A simple machine learning project that trains a neural network to recognize handwritten digits using TensorFlow and the MNIST dataset.
This project demonstrates a complete ML pipeline:
- Data loading and preprocessing
- Neural network model building
- Model training with early stopping
- Model evaluation and predictions
- Visualization of results
The MNIST dataset contains 70,000 grayscale images of handwritten digits (0-9):
- 60,000 training images
- 10,000 test images
- Image size: 28x28 pixels
- Input Layer: 784 features (28x28 flattened)
- Hidden Layer 1: 128 neurons, ReLU activation, 20% dropout
- Hidden Layer 2: 64 neurons, ReLU activation, 20% dropout
- Output Layer: 10 neurons (one per digit), Softmax activation
ml-tensorflow-project/
│
├── data/ # Data directory (MNIST auto-downloads)
├── models/ # Saved models and plots
│ ├── mnist_model.keras # Trained model
│ ├── training_history.png # Training plots
│ └── predictions_sample.png # Prediction visualizations
│
├── train_model.py # Training script
├── predict.py # Prediction script
├── requirements.txt # Python dependencies
└── README.md # This file
-
Install Python 3.8 or higher
-
Install dependencies:
pip install -r requirements.txtRun the training script to train the neural network:
python train_model.pyThis will:
- Load and preprocess the MNIST dataset
- Build the neural network
- Train for up to 20 epochs (with early stopping)
- Save the trained model to
models/mnist_model.keras - Generate training history plots
Expected accuracy: ~97-98% on test set
Run the prediction script to test the trained model:
python predict.pyThis will:
- Load the trained model
- Evaluate performance on the test set
- Show predictions on 10 random samples
- Optionally enter interactive mode to test specific images
In interactive mode, you can:
- Enter any test image index (0-9999)
- See the true label, predicted label, and confidence
- View probability distribution for all digits
- Visualize the image
The model typically achieves:
- Test Accuracy: ~97-98%
- Training Time: 2-5 minutes (CPU)
- Model Size: ~400 KB
- ✅ Simple and easy to understand
- ✅ Well-commented code
- ✅ Reproducible results (random seeds set)

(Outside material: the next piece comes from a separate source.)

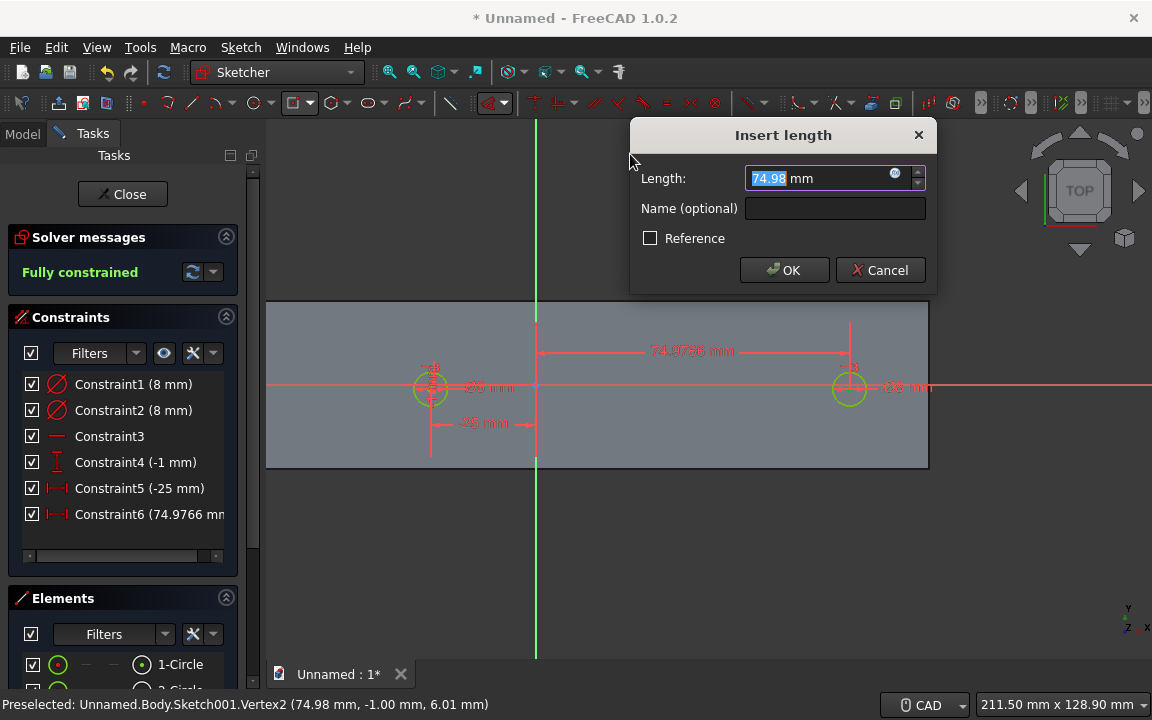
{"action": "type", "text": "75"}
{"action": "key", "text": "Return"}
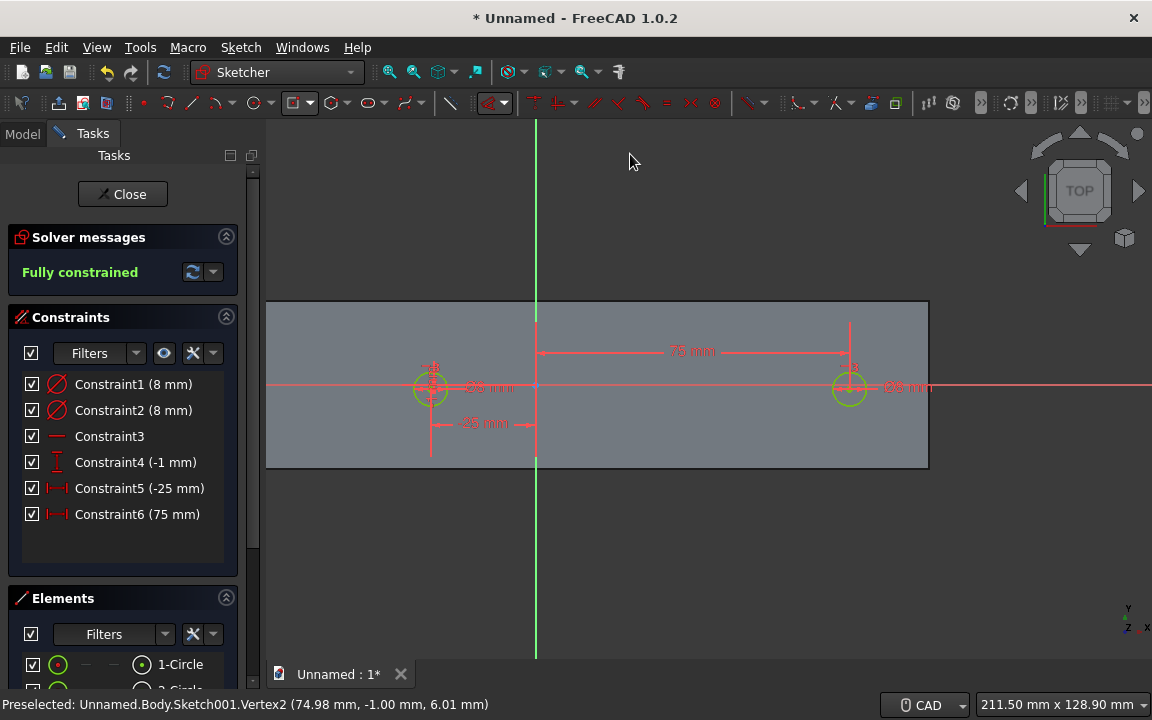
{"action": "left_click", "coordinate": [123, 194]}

- ✅ Early stopping to prevent overfitting
- ✅ Dropout layers for regularization
- ✅ Comprehensive evaluation metrics
- ✅ Interactive prediction mode
- ✅ Visualization of training and predictions
- Python 3.8+
- TensorFlow 2.15+
- NumPy
- Matplotlib
- scikit-learn
To extend this project, consider:
- Try different model architectures (CNN, deeper networks)
- Experiment with hyperparameters (learning rate, batch size)
- Add data augmentation
- Implement confusion matrix visualization
- Try other datasets (Fashion-MNIST, CIFAR-10)
- Deploy the model as a web application
This project is for educational purposes.